Model1 <- lm(ABUND ~ L.AREA + L.DIST + L.LDIST + YR.ISOL + ALT + fGRAZE, data = birddata2)
summary(Model1)
##
## Call:
## lm(formula = ABUND ~ L.AREA + L.DIST + L.LDIST + YR.ISOL + ALT +
## fGRAZE, data = birddata2)
##
## Residuals:
## Min 1Q Median 3Q Max
## -15.8992 -2.7245 -0.2772 2.7052 11.2811
##
## Coefficients:
## Estimate Std. Error t value Pr(>|t|)
## (Intercept) 36.68025 115.16348 0.319 0.7515
## L.AREA 6.83303 1.50330 4.545 3.97e-05 ***
## L.DIST 0.33286 2.74778 0.121 0.9041
## L.LDIST 0.79765 2.13759 0.373 0.7107
## YR.ISOL -0.01277 0.05803 -0.220 0.8267
## ALT 0.01070 0.02390 0.448 0.6565
## fGRAZE2 0.52851 3.25221 0.163 0.8716
## fGRAZE3 0.06601 2.95871 0.022 0.9823
## fGRAZE4 -1.24877 3.19838 -0.390 0.6980
## fGRAZE5 -12.47309 4.77827 -2.610 0.0122 *
## ---
## Signif. codes: 0 '***' 0.001 '**' 0.01 '*' 0.05 '.' 0.1 ' ' 1
##
## Residual standard error: 6.105 on 46 degrees of freedom
## Multiple R-squared: 0.7295, Adjusted R-squared: 0.6766
## F-statistic: 13.78 on 9 and 46 DF, p-value: 2.115e-10
The function drop1 drops one variable at a time and compare the drop-1 model with the original one.
drop1(Model1, test="F")
## Single term deletions
##
## Model:
## ABUND ~ L.AREA + L.DIST + L.LDIST + YR.ISOL + ALT + fGRAZE
## Df Sum of Sq RSS AIC F value Pr(>F)
## <none> 1714.4 211.60
## L.AREA 1 770.01 2484.4 230.38 20.6603 3.97e-05 ***
## L.DIST 1 0.55 1715.0 209.62 0.0147 0.90411
## L.LDIST 1 5.19 1719.6 209.77 0.1392 0.71075
## YR.ISOL 1 1.81 1716.2 209.66 0.0485 0.82675
## ALT 1 7.47 1721.9 209.85 0.2004 0.65650
## fGRAZE 4 413.50 2127.9 215.70 2.7736 0.03799 *
## ---
## Signif. codes: 0 '***' 0.001 '**' 0.01 '*' 0.05 '.' 0.1 ' ' 1
And now the ANOVA test
anova(Model1)
## Analysis of Variance Table
##
## Response: ABUND
## Df Sum Sq Mean Sq F value Pr(>F)
## L.AREA 1 3471.0 3471.0 93.1303 1.247e-12 ***
## L.DIST 1 65.5 65.5 1.7568 0.191565
## L.LDIST 1 136.5 136.5 3.6630 0.061868 .

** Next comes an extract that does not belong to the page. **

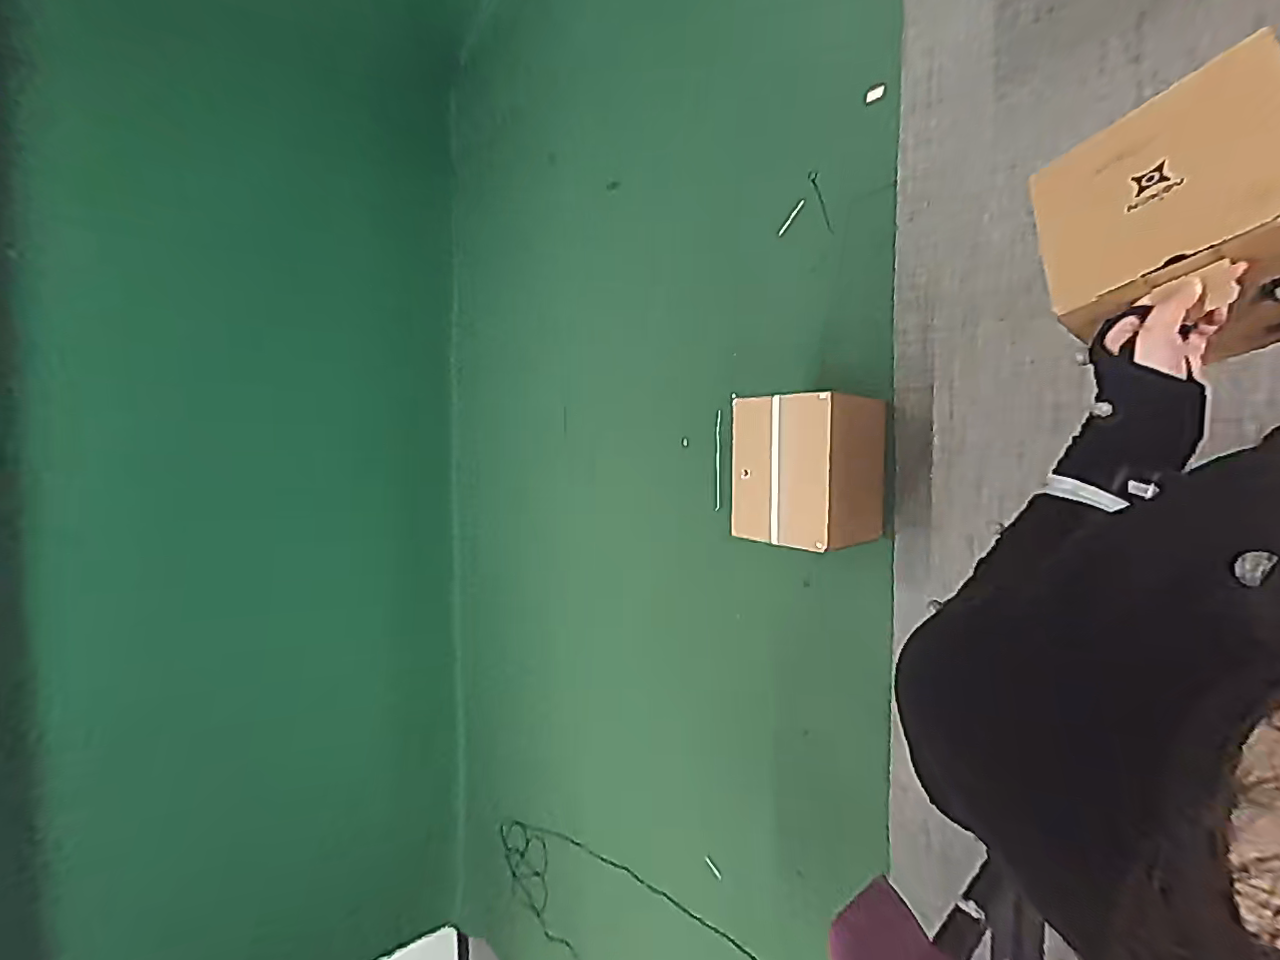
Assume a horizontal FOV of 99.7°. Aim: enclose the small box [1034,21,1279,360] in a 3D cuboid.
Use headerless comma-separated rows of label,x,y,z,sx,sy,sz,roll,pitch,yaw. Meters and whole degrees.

## YR.ISOL 1 458.8 458.8 12.3109 0.001019 **
## ALT 1 78.2 78.2 2.0979 0.154281
## fGRAZE 4 413.5 103.4 2.7736 0.037992 *
## Residuals 46 1714.4 37.3
## ---
## Signif. codes: 0 '***' 0.001 '**' 0.01 '*' 0.05 '.' 0.1 ' ' 1
What happens if we change the order of the indepedent variables? Let’s try.
Model2 <- lm(ABUND ~ L.DIST + L.LDIST + YR.ISOL + ALT + fGRAZE + L.AREA , data = birddata2)
anova(Model2)
## Analysis of Variance Table
##
## Response: ABUND
## Df Sum Sq Mean Sq F value Pr(>F)
## L.DIST 1 101.78 101.78 2.7309 0.1052
## L.LDIST 1 17.26 17.26 0.4632 0.4995
## YR.ISOL 1 1746.94 1746.94 46.8723 1.550e-08 ***
## ALT 1 730.18 730.18 19.5914 5.853e-05 ***
## fGRAZE 4 1257.32 314.33 8.4338 3.436e-05 ***
## L.AREA 1 770.01 770.01 20.6603 3.970e-05 ***
## Residuals 46 1714.43 37.27
## ---
## Signif. codes: 0 '***' 0.001 '**' 0.01 '*' 0.05 '.' 0.1 ' ' 1
Note that the anova function can also be used to compare models that are nested. See the example below.
Model2 <- lm(ABUND ~ L.DIST + L.LDIST + YR.ISOL + ALT + fGRAZE + L.AREA , data = birddata2)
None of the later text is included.